■ Prompt: What lines below mention the word "this"? Copy each one.

■ Record set:

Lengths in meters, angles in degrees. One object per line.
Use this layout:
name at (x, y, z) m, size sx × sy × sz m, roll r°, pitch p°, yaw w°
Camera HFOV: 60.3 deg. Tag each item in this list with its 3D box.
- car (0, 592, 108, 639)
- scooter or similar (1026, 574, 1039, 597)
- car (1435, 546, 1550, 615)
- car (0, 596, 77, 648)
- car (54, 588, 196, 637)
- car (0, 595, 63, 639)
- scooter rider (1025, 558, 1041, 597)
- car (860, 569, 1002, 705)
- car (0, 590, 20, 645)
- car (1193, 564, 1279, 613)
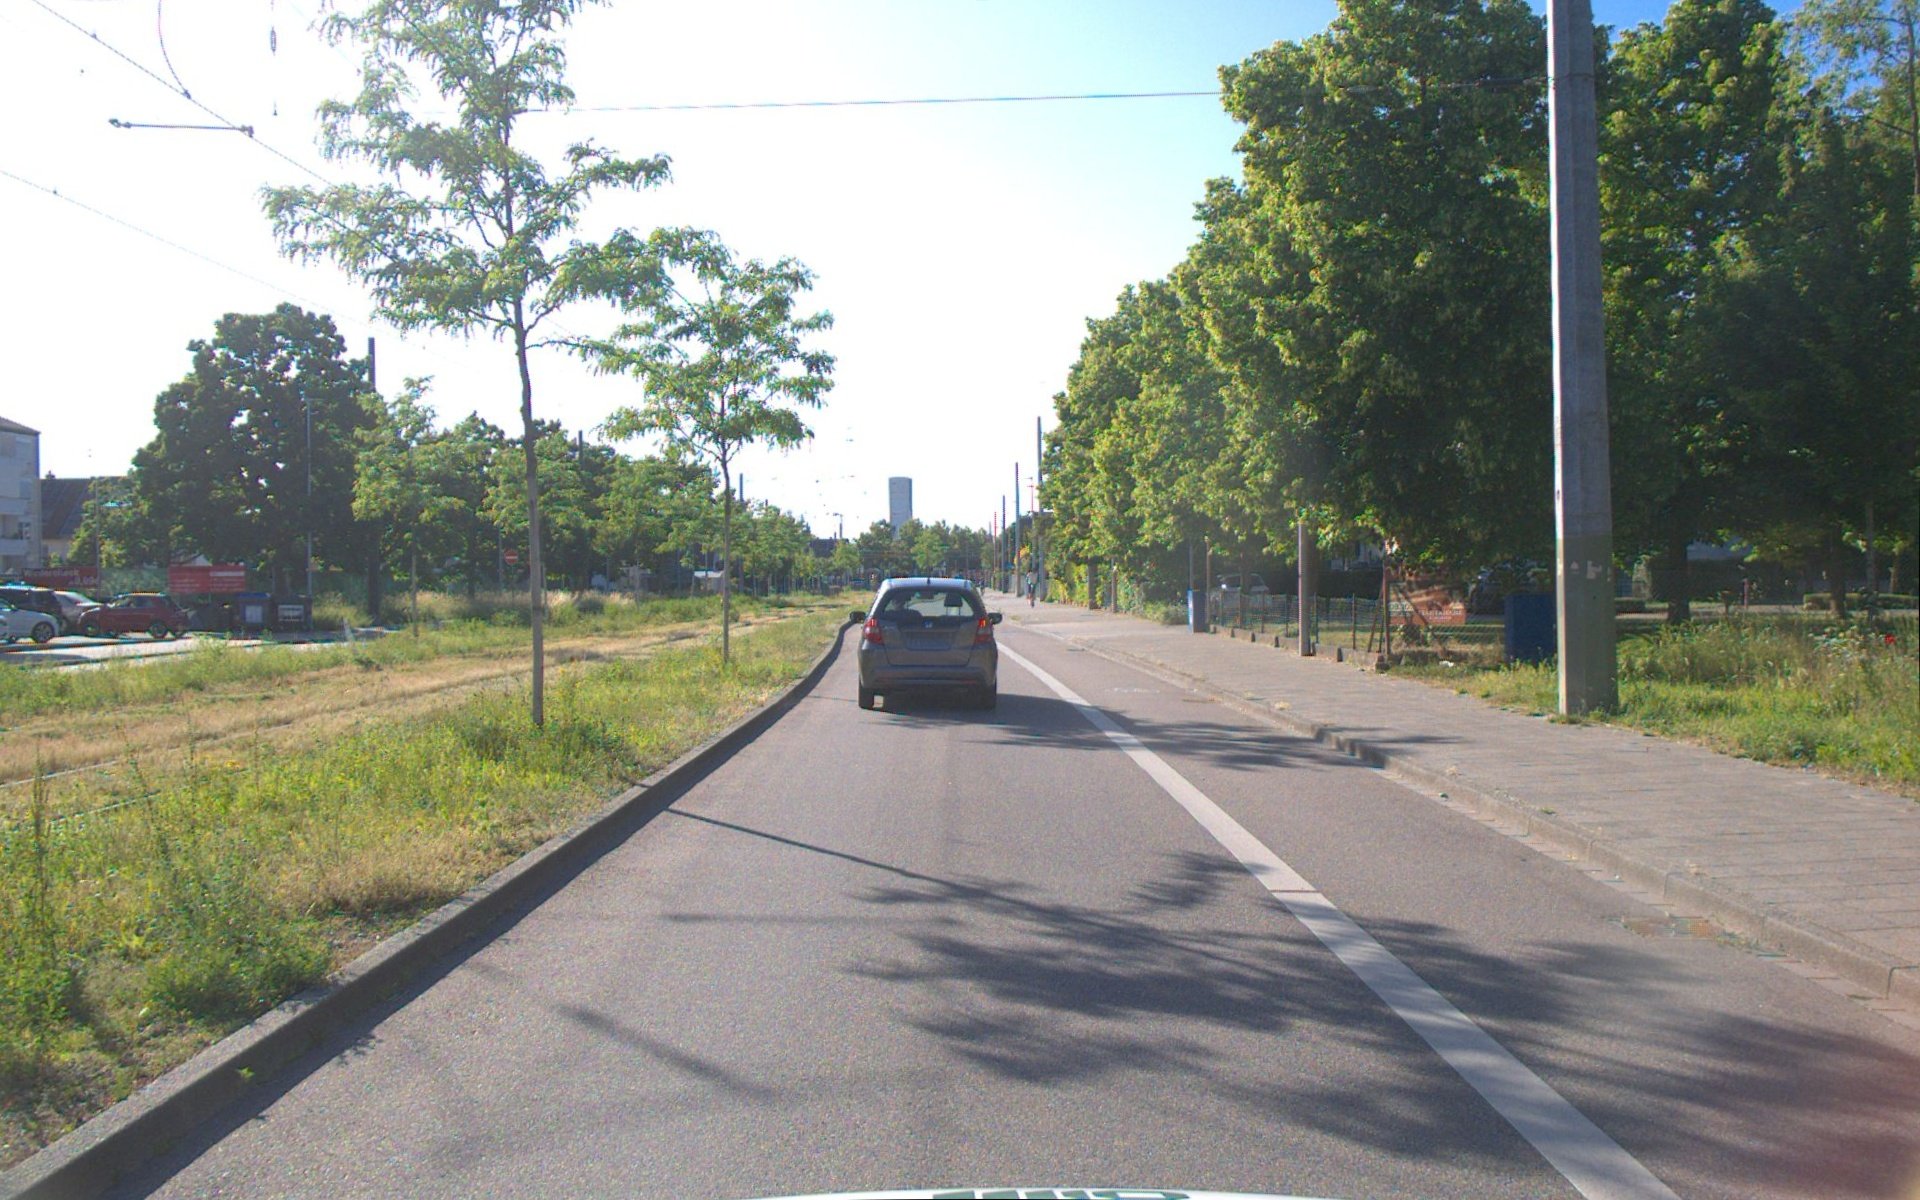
car at (-33.475, 0.564, 60.121) m, size 3.989 × 1.596 × 1.791 m, roll -1°, pitch 1°, yaw -3°
scooter or similar at (3.619, -0.707, 82.706) m, size 0.528 × 1.138 × 1.416 m, roll -1°, pitch 0°, yaw -2°
car at (16.246, -0.588, 50.730) m, size 1.834 × 2.001 × 5.166 m, roll 0°, pitch 0°, yaw -1°
car at (-29.284, 0.675, 49.847) m, size 1.752 × 1.496 × 4.464 m, roll -1°, pitch 1°, yaw 29°
car at (-29.139, 0.431, 57.800) m, size 3.989 × 1.596 × 1.791 m, roll -1°, pitch 1°, yaw -3°
car at (-33.544, 0.606, 57.212) m, size 3.989 × 1.470 × 1.791 m, roll -1°, pitch 1°, yaw -3°
scooter rider at (3.642, -1.115, 82.869) m, size 0.702 × 1.934 × 0.934 m, roll -1°, pitch 0°, yaw -3°
car at (-0.341, 0.391, 20.527) m, size 1.591 × 1.526 × 3.457 m, roll 1°, pitch 1°, yaw 0°
car at (-28.767, 0.554, 45.799) m, size 1.757 × 1.554 × 4.453 m, roll -1°, pitch 1°, yaw 37°
car at (8.458, -0.350, 50.945) m, size 1.739 × 1.411 × 3.867 m, roll -2°, pitch 0°, yaw -4°

■ Solution:
Use this layout:
Camera HFOV: 60.3 deg. Tag each item in this list with its 3D box.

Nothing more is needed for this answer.